Diversifiable risk, also known as unsystematic risk, unique risk, or idiosyncratic risk, refers to the part of an investment’s risk that is specific to that investment or to a small number of investments. It’s associated with factors that are unique to a particular company or industry, such as management performance, labor strikes, production issues, or sector-specific issues.

Diversifiable risk can be reduced or mitigated through the process of diversification – that is, by investing in a variety of assets or asset classes that are not perfectly correlated. For instance, if you hold stocks in multiple industries, a problem in one industry (like a strike affecting the auto industry) might hurt the stocks in that industry, but it likely won’t impact stocks in different industries (like technology or healthcare).

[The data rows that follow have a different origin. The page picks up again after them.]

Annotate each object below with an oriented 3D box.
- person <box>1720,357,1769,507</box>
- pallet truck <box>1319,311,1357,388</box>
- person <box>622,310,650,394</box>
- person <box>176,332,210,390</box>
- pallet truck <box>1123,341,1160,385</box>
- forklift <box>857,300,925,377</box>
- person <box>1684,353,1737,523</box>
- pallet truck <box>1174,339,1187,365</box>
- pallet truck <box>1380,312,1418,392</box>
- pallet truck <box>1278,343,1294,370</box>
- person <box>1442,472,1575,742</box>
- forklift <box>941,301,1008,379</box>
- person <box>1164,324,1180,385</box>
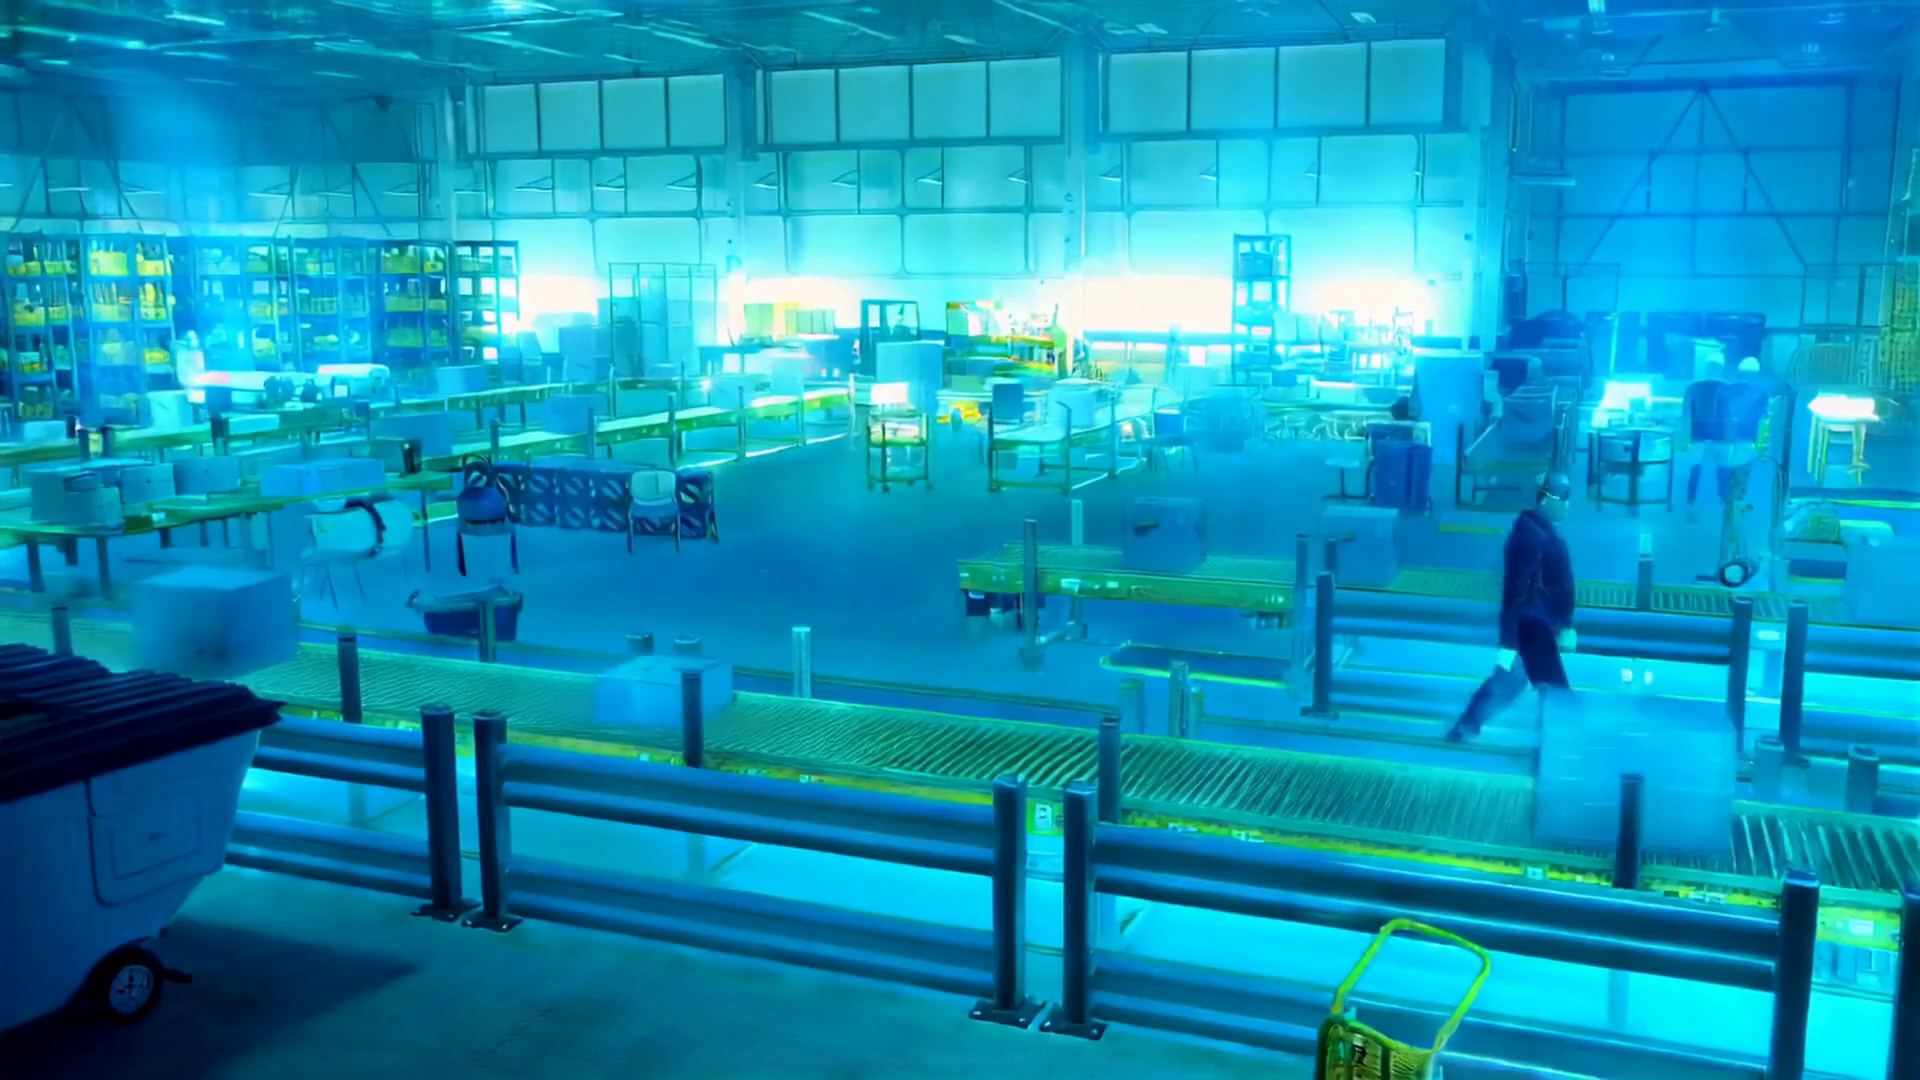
[{"bbox_3d":[9.612,-1.291,20.482,0.547,1.922,0.681,6,11,31],"label":"person"},{"bbox_3d":[9.071,-4.419,39.190,0.823,1.965,1.885,5,10,26],"label":"pallet truck"},{"bbox_3d":[-7.735,-4.465,39.568,0.617,1.970,0.747,8,12,41],"label":"person"},{"bbox_3d":[-14.167,-2.952,30.827,0.460,1.812,0.620,3,10,17],"label":"person"},{"bbox_3d":[4.445,-4.380,41.279,0.680,1.201,1.601,4,10,22],"label":"pallet truck"},{"bbox_3d":[-1.732,-5.109,42.468,1.157,1.987,2.680,4,10,22],"label":"forklift"},{"bbox_3d":[8.955,-1.212,19.765,0.994,1.991,0.636,-9,13,-42],"label":"person"},{"bbox_3d":[5.418,-4.269,40.420,0.704,1.261,1.522,3,10,20],"label":"pallet truck"},{"bbox_3d":[10.207,-4.283,38.369,0.823,1.965,1.885,3,10,20],"label":"pallet truck"},{"bbox_3d":[7.886,-4.163,39.743,0.653,1.274,1.630,4,10,22],"label":"pallet truck"},{"bbox_3d":[3.333,0.507,9.790,1.008,1.860,0.658,5,11,29],"label":"person"},{"bbox_3d":[0.365,-4.966,41.571,1.157,1.987,2.680,3,10,20],"label":"forklift"},{"bbox_3d":[4.609,-3.791,36.084,0.321,1.769,0.523,4,10,24],"label":"person"}]

In other words, by spreading investments across various types of assets, the investor can often reduce the potential for a single event to negatively affect their overall portfolio. Diversifiable risk contrasts with non-diversifiable risk (or systematic risk), which affects all companies and cannot be reduced through diversification. Systematic risk includes factors like inflation rates, exchange rates, political instability, changes in interest rates, and macroeconomic factors.

Example of Diversifiable Risk

Suppose you are an investor who has all your investment in the stock of a single company, let’s call it Tech Titan Inc., a technology company. In this scenario, your investment portfolio is exposed to a high level of diversifiable risk. Why? Because any negative event specific to Tech Titan Inc. – such as poor earnings results, the departure of a key executive, a product failure, a lawsuit against the company, etc. – could significantly decrease the value of its stock and, consequently, the value of your portfolio.

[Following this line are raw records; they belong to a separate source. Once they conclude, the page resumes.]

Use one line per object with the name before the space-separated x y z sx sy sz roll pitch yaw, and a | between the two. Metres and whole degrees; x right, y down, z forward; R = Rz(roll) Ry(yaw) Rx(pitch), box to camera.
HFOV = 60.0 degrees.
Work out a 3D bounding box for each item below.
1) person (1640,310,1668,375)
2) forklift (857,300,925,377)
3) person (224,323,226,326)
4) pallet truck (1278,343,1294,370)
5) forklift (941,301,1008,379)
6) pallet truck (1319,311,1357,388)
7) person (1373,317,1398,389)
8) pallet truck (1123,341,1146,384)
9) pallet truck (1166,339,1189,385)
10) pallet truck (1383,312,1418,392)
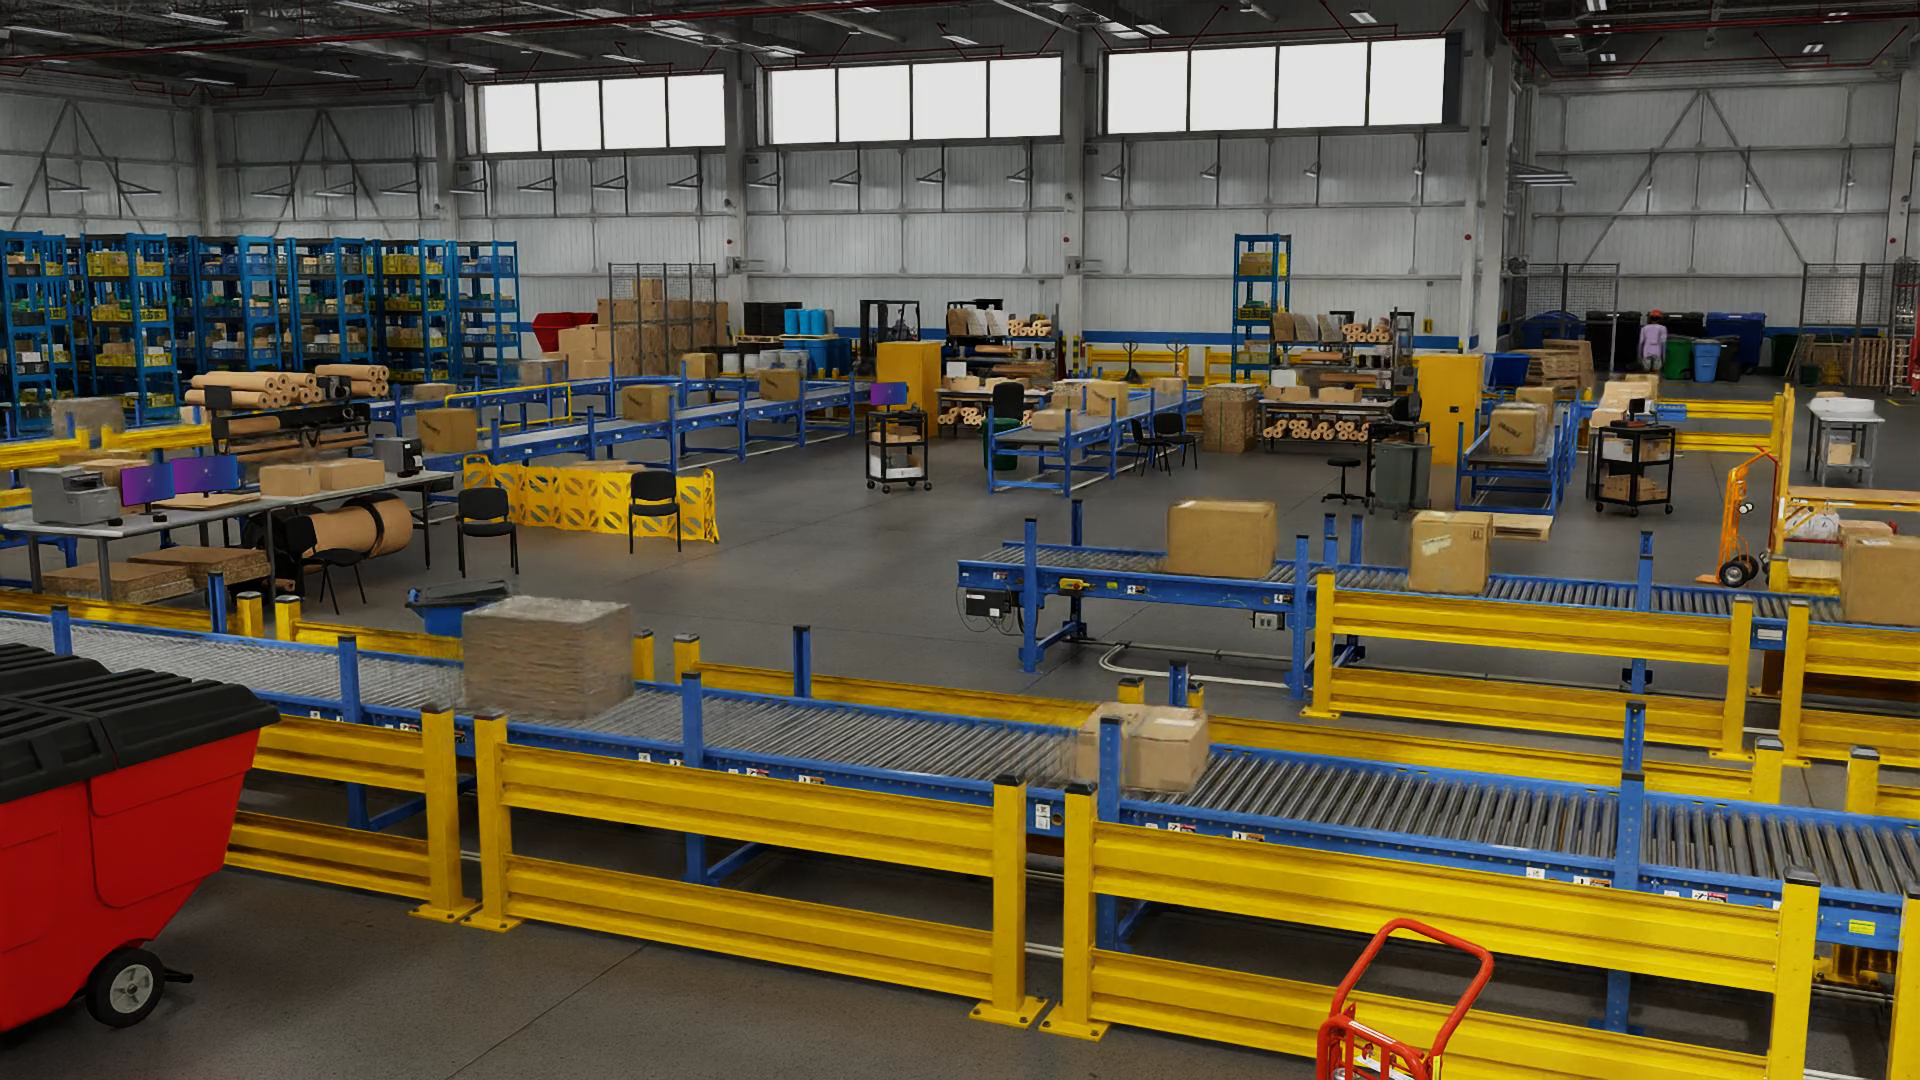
person | 15.955 -4.280 38.270 0.480 2.026 0.620 -9 13 -43
forklift | -1.732 -5.109 42.468 1.157 1.987 2.680 4 10 22
person | -17.444 -4.426 39.853 0.584 1.799 0.970 2 10 15
pallet truck | 7.886 -4.163 39.743 0.653 1.274 1.630 4 10 22
forklift | 0.365 -4.966 41.571 1.157 1.987 2.680 3 10 20
pallet truck | 9.071 -4.419 39.190 0.823 1.965 1.885 5 10 26
person | 9.294 -3.939 36.561 0.402 1.906 0.652 -5 11 -29
pallet truck | 4.445 -4.380 41.279 0.680 1.201 1.601 4 10 22
pallet truck | 5.418 -4.269 40.420 0.704 1.261 1.522 3 10 20
pallet truck | 10.207 -4.283 38.369 0.823 1.965 1.885 3 10 20

Now let’s say that instead of investing all your money in Tech Titan Inc., you spread your investment across 20 different companies from various industries – a few technology companies, some healthcare companies, some consumer goods companies, a couple of utilities, and so forth. Now your portfolio is much more diversified.

In this diversified portfolio, a negative event at any one company (like Tech Titan Inc.) would likely have a much smaller impact on your overall portfolio. That’s because such an event is unlikely to affect the other companies in your portfolio, especially those in different industries. This is how diversification helps to mitigate diversifiable risk.

However, remember that diversification cannot eliminate non-diversifiable (systematic) risk. For instance, if interest rates rise dramatically, this could affect the entire economy and potentially lower the stock prices of all companies, regardless of industry. That’s a type of risk that you can’t avoid simply by diversifying your portfolio.